Ataques virtuais crescem 58% no Brasil no primeiro trimestre de 2016

Por Redação | 09.05.2016 às 13:52

A Nexusguard, especialista em soluções de combate a ataques de negação de serviço (DDoS), divulgou nesta segunda-feira (9) a nova edição de seu relatório trimestral de ameaças, referente ao 1º trimestre de 2016.

O estudo mostra um forte crescimento de ataques de DDoS no Brasil, com um aumento de 58% nas ações. Com isso, o país subiu três posições no ranking, atingindo 5.823 ataques e avançando para a terceira colocação. De acordo com o levantamento, nada menos que 1.290 dessas ações tiveram como alvo endereços de IP referentes à operadora de telefonia Claro.

No topo do ranking aparecem Estados Unidos e China, que voltaram, respectivamente, às 1ª e 2ª posições, registrando mais de 49 mil ataques combinados.
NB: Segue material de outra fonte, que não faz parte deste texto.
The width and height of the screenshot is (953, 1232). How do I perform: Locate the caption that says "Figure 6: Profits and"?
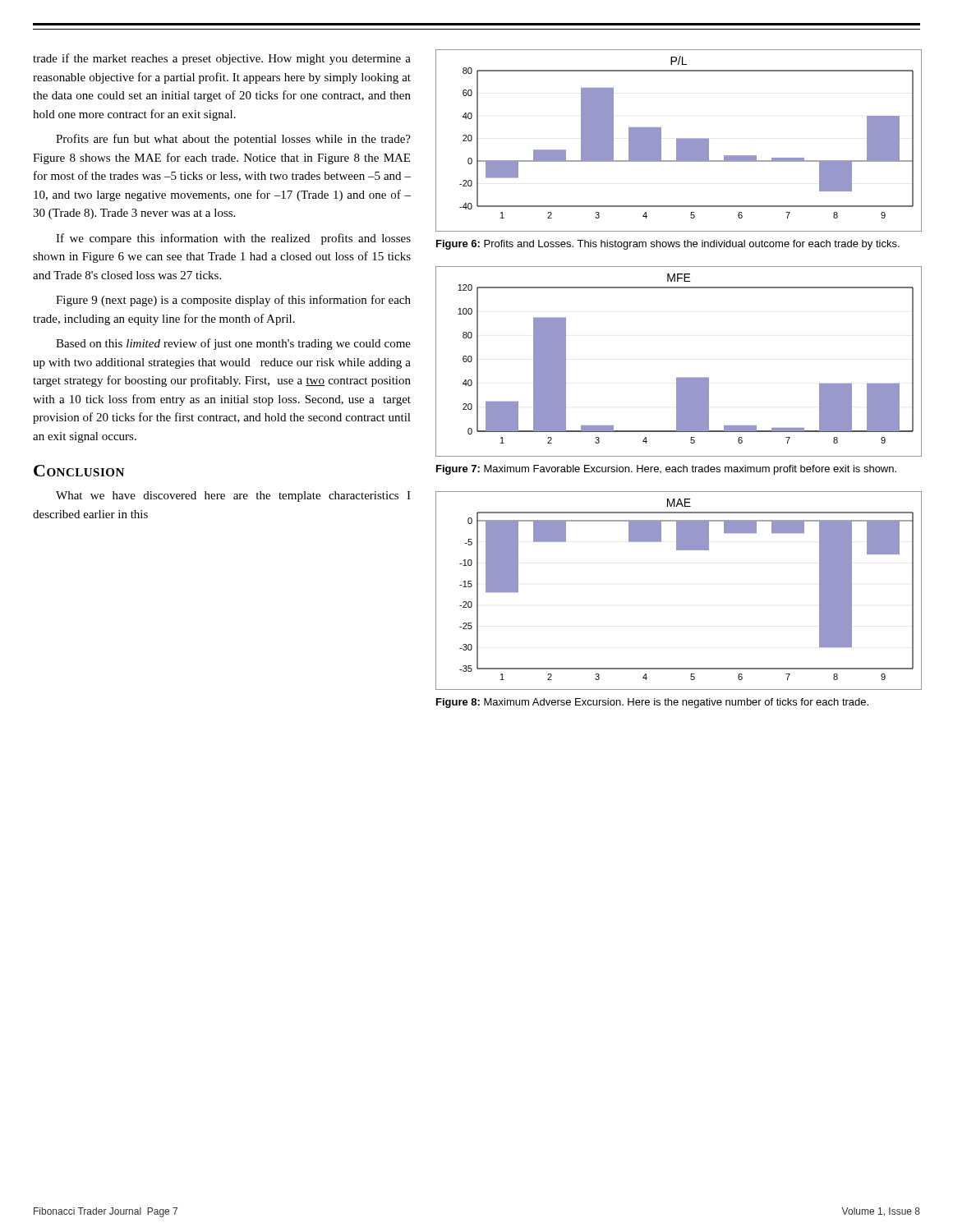click(x=668, y=244)

Já a Turquia, que liderou a edição anterior do levantamento, deixou de integrar a lista do Top 10, o que reforça a análise prévia da Nexusguard de que o pico de ocorrências no último trimestre de 2015 estava relacionado às tensões políticas entre a Turquia e a Rússia.
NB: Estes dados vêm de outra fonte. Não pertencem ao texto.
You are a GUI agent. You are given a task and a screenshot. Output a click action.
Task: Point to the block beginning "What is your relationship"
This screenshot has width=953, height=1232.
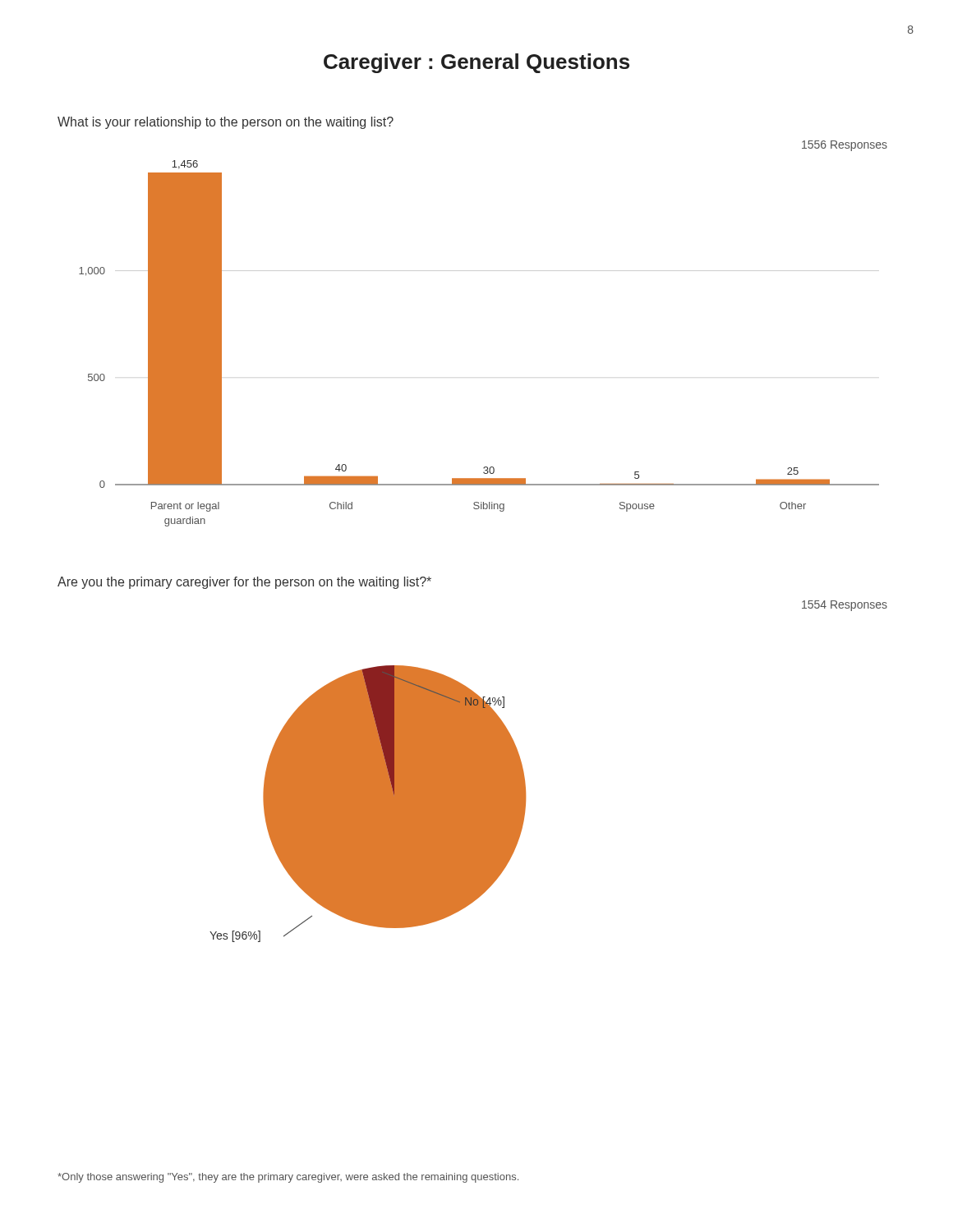(x=226, y=122)

Os países do Oriente Médio registraram um aumento de mais de 80% no número de ataques nos primeiros três meses de 2016. Segundo os pesquisadores responsáveis pelo estudo, o aumento da tensão na região deve motivar novos ataques virtuais.

A pesquisa também identificou que a maioria dos ataques durou menos de 10 minutos. Essa redução no tempo de duração pode estar relacionada à adesão, cada vez maior por parte de criminosos, ao aluguel de serviços para ataques de DDoS. Assim, especialistas da Nexusguard recomendam que empresas implementem sistemas de monitoramento capazes de detectar eventos em segundos.

"O aumento na contratação de serviços para ataques de DDoS está mudando consideravelmente o cenário das ameaças. As organizações precisam garantir que seus sistemas de rede estejam aptos a lidar com as novas classes de ataques", afirma Terrence Gareau, cientista-chefe da Nexusguard.

Para coletar os dados do estudo, a Nexusguard analisou uma rede de dispositivos vulneráveis a novas ameaças virtuais, identificando tendências e tipos de ataques, duração, origens e outras características, com o objetivo de informar empresas de diversos setores sobre os mais recentes métodos de atuação.